В награду Вероника собиралась немедля начать с ней секретничать, а чуть погодя, за десертом, планировала осушить последние следы горечи, выпустив на волю зачарованную кавалькаду своего неистощимого воображения соблазнительницы, чтобы та неслась пред ослепленными взорами, как это удавалось Веронике, когда ей хотелось ублажить и поработить.
Решив прибегнуть к этим чарам, Вероника чуть отодвинула свой стул от Беткиного, желая произвести полнейшее впечатление каждым своим порывистым жестом, часто непостижимым и всегда потрясающим, как в заклинаниях. Отставив привычную неподвижность, она отдалась поразительному предъявлению двусмысленного притворства.
– Я девственница, – сказала она тихонько, тревожащим тоном намека, а потом добавила, еще тише: – Клянусь! Но я же не плачу, как видишь! – И она торжественно изобразила, как промокает глаза, – показать, что они сухие.
Бетка рассмеялась.
– А теперь, – продолжила Вероника, – смотри, вот доказательство того, что я говорю тебе правду, – и она медленно, очень медленно вознесла зажатую ладонь над головой. Затем угрожающе ее раскрыла и со значением потрясла безымянным пальцем, на котором был марлевый бинт, закрепленный полоской розового пластыря. – Видишь? Рана! – сказала она, моргая.

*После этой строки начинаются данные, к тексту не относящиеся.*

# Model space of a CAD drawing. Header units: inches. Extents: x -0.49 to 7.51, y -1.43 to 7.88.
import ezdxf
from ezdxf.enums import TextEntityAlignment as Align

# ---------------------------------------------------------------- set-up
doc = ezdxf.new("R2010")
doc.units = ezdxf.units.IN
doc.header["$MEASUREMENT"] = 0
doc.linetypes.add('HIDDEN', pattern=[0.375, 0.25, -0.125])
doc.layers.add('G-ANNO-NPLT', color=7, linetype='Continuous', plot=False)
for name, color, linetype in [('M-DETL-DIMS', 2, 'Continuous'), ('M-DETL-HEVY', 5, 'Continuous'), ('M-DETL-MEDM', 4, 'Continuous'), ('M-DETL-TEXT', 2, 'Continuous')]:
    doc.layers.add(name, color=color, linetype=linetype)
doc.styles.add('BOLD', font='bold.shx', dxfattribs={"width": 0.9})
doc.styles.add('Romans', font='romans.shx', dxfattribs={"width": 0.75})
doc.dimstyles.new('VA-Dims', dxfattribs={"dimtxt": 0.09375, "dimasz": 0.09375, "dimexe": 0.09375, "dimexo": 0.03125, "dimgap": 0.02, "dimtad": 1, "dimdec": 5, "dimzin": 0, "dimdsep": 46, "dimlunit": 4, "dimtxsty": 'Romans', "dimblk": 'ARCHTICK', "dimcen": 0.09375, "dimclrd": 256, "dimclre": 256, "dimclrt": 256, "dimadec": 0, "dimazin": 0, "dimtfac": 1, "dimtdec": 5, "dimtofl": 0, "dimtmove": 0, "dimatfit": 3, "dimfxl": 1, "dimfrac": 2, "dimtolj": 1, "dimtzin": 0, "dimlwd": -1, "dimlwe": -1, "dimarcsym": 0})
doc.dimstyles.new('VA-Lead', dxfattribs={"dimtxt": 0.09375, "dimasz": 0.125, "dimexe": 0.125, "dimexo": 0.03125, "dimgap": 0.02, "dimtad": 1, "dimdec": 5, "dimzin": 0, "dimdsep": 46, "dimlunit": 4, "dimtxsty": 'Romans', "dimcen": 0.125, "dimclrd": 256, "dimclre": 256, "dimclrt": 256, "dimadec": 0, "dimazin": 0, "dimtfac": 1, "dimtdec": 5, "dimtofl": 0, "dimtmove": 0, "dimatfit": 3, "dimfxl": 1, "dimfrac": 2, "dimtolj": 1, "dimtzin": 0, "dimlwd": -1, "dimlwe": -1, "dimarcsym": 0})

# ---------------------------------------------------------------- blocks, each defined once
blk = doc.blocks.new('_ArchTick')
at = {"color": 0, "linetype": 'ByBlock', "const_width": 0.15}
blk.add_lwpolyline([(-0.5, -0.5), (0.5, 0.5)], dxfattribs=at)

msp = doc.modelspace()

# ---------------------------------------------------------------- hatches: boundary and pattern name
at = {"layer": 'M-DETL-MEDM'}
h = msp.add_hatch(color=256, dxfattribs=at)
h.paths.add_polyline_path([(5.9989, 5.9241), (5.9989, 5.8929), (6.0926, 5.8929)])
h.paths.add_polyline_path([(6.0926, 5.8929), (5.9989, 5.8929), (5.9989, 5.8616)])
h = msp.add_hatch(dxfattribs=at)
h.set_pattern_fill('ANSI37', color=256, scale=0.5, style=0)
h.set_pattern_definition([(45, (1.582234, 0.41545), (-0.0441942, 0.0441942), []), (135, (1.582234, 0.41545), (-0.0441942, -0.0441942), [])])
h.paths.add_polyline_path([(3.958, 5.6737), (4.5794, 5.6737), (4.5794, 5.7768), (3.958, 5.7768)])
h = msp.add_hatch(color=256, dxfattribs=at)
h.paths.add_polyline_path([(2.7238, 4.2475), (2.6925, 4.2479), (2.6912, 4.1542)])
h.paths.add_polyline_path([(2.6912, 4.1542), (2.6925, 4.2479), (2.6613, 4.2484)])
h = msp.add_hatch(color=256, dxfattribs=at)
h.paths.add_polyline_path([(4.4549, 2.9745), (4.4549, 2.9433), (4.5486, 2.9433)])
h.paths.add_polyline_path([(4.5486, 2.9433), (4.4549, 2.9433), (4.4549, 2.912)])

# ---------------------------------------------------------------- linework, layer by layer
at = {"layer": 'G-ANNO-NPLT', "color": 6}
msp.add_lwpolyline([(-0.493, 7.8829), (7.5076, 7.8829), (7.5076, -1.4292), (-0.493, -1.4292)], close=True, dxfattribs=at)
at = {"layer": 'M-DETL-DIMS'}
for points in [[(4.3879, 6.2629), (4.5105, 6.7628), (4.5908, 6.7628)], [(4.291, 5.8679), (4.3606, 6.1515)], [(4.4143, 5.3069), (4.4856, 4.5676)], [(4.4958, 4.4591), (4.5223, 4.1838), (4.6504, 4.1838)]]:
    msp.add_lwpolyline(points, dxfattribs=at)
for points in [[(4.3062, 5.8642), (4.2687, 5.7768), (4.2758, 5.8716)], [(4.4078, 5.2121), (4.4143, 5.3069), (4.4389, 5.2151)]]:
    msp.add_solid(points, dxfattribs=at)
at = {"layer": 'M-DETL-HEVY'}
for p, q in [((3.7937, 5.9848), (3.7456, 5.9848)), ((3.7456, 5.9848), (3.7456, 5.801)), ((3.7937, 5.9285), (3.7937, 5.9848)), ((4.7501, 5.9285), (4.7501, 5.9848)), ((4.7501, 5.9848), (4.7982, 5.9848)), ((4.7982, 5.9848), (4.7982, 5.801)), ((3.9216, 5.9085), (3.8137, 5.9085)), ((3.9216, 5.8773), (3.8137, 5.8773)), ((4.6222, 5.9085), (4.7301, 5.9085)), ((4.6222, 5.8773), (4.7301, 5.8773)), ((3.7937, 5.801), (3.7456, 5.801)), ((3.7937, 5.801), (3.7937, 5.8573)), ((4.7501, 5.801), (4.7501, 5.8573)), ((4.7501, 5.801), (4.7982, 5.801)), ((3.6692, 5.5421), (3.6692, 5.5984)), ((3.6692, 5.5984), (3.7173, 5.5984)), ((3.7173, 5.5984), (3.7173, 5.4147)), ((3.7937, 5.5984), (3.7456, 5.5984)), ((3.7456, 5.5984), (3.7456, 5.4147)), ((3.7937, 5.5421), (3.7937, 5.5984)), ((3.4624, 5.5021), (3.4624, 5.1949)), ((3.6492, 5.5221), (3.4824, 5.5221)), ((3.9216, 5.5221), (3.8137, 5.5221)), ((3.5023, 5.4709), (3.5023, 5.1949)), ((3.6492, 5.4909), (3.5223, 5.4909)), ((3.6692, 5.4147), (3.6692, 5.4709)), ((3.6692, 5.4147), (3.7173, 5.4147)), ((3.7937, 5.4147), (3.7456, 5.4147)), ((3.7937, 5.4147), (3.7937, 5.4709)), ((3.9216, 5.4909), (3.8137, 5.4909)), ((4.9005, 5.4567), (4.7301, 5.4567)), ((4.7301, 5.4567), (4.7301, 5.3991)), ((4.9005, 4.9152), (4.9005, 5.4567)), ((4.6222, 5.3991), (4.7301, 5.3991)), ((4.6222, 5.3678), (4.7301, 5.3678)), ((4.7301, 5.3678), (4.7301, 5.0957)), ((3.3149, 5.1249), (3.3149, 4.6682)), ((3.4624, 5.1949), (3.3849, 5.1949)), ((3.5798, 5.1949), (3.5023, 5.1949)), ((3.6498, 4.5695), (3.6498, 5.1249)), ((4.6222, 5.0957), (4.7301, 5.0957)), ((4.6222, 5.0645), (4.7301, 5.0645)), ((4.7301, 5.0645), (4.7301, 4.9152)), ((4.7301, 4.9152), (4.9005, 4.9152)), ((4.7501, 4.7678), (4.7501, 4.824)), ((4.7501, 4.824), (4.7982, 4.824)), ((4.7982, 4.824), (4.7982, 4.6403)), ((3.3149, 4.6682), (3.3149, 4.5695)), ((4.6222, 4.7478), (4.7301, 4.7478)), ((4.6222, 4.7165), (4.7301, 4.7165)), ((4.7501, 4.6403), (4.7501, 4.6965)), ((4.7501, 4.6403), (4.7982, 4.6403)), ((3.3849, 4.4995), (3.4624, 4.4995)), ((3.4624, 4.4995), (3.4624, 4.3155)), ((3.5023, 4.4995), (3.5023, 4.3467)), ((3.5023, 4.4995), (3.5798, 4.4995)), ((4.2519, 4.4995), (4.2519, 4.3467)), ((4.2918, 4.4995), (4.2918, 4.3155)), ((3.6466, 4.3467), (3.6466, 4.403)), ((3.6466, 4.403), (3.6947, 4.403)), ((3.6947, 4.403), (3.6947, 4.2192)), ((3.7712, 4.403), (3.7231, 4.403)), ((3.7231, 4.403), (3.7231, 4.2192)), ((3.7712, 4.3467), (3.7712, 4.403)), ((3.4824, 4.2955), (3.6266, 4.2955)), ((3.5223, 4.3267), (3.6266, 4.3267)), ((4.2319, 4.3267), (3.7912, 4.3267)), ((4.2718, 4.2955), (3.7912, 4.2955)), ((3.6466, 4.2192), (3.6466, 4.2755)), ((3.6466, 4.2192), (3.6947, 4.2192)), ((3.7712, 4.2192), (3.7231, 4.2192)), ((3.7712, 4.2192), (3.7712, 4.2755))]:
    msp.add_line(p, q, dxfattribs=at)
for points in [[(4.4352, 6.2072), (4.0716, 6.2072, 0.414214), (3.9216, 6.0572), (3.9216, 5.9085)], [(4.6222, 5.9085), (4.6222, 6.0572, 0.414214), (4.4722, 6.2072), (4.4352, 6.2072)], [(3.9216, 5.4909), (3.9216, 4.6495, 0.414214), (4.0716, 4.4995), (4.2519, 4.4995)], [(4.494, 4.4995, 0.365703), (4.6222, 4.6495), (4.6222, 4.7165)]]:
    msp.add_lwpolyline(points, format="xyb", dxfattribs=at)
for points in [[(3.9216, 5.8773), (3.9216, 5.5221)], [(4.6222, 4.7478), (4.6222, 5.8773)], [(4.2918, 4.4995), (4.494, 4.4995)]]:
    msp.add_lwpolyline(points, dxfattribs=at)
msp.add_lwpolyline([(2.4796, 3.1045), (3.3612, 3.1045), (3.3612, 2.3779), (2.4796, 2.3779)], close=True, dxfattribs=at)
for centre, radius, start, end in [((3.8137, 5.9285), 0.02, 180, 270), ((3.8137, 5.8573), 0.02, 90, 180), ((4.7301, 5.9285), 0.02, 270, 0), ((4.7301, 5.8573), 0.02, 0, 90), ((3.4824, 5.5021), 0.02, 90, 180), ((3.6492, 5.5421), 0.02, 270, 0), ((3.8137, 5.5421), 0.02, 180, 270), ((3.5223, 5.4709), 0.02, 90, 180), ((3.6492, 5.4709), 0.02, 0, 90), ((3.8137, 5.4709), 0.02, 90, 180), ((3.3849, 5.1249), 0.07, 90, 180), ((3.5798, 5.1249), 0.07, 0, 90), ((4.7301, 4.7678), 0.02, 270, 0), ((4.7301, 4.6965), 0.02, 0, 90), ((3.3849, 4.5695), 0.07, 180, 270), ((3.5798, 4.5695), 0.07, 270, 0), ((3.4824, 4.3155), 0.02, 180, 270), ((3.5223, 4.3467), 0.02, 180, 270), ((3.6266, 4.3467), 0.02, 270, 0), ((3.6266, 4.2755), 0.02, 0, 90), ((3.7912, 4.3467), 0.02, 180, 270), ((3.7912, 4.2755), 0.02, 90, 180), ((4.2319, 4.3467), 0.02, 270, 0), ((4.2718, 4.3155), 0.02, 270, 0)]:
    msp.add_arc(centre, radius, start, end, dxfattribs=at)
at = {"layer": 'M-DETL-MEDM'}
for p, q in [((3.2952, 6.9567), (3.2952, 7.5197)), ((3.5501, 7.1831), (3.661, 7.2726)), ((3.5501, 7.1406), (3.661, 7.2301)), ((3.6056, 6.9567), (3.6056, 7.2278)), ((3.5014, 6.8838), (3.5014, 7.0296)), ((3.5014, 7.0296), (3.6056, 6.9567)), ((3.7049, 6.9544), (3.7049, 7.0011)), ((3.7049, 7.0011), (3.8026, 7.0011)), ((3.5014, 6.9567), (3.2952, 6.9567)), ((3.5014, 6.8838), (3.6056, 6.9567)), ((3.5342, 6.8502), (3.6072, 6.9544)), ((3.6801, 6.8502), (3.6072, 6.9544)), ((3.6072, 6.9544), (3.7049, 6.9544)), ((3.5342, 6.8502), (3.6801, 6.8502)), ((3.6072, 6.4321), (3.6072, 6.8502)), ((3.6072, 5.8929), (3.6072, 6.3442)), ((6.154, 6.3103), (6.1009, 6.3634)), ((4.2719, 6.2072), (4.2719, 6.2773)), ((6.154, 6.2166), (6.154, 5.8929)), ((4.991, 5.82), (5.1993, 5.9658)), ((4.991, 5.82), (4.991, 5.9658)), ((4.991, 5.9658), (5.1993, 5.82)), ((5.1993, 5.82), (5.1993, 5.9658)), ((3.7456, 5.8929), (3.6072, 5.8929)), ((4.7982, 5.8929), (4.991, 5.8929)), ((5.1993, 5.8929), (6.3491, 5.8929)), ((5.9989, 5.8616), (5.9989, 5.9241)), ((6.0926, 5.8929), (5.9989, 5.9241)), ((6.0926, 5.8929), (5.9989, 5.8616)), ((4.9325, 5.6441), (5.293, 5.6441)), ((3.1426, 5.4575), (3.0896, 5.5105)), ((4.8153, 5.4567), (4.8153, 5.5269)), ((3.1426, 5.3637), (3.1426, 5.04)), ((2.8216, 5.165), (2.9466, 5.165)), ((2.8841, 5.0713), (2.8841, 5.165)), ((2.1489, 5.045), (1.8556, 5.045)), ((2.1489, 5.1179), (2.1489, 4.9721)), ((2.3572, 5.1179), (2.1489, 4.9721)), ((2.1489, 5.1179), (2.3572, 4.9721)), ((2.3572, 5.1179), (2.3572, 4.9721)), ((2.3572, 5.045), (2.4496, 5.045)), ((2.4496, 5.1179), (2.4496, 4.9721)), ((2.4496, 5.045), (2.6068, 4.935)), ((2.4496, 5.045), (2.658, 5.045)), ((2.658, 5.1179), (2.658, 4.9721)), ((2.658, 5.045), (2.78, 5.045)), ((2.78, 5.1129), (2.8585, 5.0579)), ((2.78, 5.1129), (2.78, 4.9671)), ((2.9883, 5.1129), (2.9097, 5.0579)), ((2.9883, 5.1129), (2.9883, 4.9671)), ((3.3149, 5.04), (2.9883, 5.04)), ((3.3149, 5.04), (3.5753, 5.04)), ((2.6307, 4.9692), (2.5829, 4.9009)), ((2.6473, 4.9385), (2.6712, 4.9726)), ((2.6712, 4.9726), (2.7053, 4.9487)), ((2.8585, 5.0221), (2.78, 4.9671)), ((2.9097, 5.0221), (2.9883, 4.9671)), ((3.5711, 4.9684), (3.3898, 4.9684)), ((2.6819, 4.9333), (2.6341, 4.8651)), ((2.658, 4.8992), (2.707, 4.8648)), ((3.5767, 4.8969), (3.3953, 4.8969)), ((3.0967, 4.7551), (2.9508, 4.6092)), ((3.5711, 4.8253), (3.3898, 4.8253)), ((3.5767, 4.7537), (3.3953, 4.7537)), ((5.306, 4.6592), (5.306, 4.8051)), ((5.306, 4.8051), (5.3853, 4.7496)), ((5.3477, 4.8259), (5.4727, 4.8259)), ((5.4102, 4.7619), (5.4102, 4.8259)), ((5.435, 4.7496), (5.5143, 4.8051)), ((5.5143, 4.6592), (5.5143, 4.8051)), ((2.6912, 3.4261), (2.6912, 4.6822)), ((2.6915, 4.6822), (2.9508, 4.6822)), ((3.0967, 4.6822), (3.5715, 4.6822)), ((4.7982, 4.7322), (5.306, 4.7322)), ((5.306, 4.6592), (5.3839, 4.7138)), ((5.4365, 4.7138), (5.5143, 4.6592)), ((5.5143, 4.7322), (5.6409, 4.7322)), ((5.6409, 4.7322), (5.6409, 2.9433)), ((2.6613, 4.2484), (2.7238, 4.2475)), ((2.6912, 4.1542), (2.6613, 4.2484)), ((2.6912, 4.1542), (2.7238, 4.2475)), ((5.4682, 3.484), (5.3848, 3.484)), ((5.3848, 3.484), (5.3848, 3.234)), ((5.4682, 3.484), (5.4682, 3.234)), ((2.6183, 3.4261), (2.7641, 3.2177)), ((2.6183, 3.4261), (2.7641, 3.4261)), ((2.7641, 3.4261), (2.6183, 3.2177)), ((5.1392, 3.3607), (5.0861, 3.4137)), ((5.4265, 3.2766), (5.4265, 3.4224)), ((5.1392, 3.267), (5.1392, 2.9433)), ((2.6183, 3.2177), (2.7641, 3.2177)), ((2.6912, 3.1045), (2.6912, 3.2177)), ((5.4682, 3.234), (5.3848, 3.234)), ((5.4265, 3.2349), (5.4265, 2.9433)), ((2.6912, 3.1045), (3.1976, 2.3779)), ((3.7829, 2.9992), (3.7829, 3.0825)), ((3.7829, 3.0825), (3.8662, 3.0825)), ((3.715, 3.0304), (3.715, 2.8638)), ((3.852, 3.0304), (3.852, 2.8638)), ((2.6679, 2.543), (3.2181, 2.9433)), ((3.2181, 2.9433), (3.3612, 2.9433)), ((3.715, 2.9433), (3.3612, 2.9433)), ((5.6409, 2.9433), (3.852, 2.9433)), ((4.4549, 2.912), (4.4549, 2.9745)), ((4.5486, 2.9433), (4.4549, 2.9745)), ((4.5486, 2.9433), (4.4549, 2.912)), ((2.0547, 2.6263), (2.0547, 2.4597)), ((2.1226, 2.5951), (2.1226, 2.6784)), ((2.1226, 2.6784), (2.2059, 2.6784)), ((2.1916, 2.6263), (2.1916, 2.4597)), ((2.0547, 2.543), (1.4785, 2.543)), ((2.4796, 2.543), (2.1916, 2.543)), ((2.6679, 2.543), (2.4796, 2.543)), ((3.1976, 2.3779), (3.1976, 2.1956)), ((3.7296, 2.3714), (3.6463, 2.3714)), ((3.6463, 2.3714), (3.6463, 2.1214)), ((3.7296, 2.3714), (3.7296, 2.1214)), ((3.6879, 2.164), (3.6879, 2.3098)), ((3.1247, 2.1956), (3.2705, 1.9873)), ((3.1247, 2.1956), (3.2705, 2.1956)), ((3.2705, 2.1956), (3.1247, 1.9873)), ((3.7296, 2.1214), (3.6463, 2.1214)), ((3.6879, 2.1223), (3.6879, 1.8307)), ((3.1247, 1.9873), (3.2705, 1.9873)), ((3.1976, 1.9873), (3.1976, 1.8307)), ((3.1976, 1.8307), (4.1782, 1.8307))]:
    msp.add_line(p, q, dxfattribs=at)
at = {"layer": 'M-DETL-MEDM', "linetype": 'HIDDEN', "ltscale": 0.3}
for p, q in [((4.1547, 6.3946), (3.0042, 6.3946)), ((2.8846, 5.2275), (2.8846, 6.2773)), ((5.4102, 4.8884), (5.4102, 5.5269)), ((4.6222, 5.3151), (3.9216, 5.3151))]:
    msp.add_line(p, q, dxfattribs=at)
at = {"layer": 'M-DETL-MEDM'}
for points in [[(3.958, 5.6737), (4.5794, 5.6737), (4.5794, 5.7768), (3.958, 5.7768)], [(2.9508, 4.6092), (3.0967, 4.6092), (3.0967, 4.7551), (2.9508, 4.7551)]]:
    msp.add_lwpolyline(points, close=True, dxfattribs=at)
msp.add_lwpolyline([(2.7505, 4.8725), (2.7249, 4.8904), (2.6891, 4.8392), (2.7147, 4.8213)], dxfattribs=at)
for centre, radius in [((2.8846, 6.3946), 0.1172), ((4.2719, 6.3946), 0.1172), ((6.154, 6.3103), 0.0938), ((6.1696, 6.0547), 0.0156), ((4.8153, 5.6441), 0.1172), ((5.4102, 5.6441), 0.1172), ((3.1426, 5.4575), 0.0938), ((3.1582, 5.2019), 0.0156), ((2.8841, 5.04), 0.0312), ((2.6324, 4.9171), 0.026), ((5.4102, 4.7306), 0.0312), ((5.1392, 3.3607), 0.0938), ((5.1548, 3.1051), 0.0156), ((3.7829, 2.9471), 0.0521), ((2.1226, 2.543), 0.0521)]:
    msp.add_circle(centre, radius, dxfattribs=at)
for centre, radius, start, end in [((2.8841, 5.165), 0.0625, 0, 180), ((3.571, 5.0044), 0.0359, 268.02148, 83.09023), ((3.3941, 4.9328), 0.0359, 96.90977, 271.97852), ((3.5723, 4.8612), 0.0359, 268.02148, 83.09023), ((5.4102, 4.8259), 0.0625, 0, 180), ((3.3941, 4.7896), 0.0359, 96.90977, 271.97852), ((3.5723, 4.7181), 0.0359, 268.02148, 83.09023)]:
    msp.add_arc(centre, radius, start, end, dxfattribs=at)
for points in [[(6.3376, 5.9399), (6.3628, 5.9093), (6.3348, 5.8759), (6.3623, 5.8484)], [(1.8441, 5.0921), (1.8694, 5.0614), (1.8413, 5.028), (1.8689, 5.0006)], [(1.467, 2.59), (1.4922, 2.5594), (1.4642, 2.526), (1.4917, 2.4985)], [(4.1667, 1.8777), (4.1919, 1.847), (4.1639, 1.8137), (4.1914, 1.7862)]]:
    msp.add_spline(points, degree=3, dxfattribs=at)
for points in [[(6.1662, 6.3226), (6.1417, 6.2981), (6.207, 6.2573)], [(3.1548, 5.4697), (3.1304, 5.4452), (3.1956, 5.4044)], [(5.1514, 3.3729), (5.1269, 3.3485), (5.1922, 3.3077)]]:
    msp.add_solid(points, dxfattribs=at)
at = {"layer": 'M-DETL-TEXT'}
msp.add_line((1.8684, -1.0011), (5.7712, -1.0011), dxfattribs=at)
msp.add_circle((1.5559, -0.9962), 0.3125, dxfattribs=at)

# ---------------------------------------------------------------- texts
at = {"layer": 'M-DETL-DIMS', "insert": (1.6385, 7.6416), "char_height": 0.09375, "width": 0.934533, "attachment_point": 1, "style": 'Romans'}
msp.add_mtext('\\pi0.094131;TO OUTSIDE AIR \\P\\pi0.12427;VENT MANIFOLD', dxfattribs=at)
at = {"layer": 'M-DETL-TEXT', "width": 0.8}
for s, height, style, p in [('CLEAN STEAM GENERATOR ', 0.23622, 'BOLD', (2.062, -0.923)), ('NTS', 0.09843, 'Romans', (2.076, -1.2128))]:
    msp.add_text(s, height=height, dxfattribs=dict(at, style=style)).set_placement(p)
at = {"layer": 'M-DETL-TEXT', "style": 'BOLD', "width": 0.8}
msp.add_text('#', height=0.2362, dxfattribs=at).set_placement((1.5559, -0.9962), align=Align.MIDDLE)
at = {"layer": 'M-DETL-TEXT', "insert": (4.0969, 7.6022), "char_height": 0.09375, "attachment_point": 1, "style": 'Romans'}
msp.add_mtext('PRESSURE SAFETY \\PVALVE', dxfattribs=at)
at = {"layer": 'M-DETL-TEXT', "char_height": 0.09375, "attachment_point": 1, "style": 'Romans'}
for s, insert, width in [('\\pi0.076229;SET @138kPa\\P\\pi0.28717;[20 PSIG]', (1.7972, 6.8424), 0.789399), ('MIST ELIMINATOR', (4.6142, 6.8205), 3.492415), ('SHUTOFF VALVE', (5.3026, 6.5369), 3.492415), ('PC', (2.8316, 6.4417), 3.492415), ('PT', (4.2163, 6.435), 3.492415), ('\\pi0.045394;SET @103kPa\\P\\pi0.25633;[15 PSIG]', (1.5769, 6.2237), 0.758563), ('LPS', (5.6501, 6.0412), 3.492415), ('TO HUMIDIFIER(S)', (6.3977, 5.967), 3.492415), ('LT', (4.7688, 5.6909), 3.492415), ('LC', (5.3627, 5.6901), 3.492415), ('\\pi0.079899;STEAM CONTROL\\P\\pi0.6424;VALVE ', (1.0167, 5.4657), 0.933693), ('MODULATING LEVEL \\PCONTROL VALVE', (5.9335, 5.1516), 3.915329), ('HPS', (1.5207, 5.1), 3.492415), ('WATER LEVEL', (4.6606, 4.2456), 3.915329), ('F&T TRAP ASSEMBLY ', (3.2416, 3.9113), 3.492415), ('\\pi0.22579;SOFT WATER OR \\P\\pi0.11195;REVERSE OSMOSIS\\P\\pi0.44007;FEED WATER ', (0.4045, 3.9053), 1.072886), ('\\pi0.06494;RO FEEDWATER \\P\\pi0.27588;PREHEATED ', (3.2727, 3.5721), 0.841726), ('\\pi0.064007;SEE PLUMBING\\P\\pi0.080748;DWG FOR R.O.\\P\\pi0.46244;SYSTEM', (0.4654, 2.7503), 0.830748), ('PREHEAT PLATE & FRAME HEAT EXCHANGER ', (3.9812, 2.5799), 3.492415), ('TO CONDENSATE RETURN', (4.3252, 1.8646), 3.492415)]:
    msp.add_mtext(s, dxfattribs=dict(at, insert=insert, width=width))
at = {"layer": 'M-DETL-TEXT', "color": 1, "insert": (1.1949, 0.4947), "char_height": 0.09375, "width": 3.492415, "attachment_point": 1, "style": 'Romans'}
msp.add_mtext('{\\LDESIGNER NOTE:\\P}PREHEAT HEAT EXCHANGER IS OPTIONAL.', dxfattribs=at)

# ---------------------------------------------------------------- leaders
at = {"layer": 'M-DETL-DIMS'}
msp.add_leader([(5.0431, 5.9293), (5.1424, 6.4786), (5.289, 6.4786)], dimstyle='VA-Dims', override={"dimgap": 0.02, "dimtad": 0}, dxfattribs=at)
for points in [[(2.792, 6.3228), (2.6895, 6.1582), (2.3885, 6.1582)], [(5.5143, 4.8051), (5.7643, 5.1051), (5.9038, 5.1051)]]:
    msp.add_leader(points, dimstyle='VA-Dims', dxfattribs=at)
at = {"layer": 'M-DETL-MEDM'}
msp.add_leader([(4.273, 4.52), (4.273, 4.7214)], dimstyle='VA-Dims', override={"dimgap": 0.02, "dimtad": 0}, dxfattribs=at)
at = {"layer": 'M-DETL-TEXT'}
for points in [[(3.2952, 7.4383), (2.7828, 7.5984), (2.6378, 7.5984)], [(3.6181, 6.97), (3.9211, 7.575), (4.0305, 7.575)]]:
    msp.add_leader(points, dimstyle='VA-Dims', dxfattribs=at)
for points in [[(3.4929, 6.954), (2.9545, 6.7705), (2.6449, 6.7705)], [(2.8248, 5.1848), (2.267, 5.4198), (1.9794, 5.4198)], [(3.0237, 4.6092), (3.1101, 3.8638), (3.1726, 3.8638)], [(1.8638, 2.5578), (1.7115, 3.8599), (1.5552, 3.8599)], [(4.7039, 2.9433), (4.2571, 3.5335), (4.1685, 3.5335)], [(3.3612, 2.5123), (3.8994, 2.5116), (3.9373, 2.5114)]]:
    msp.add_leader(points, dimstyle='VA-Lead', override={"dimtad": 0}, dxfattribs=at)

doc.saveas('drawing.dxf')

Бетка совершенно смутилась, но все равно покраснела и лишь подчеркнула свою слабость, мотая головой с чарующим раздражением – лишь бы размежеваться со своим смущением. Тут Вероника в знак нежности придвинула свой стул поближе к Беткиному и, собравшись начать свои откровения, дала Бетке держаться за раненый палец.
– Держи, – сказала она, – но не нажимай, пока я тебя не смущу.
Бетка взялась за ее палец двумя руками и поднесла его к губам, чуть коснувшись его в поцелуе. Вероника с дьявольским оживлением начала свой сказ.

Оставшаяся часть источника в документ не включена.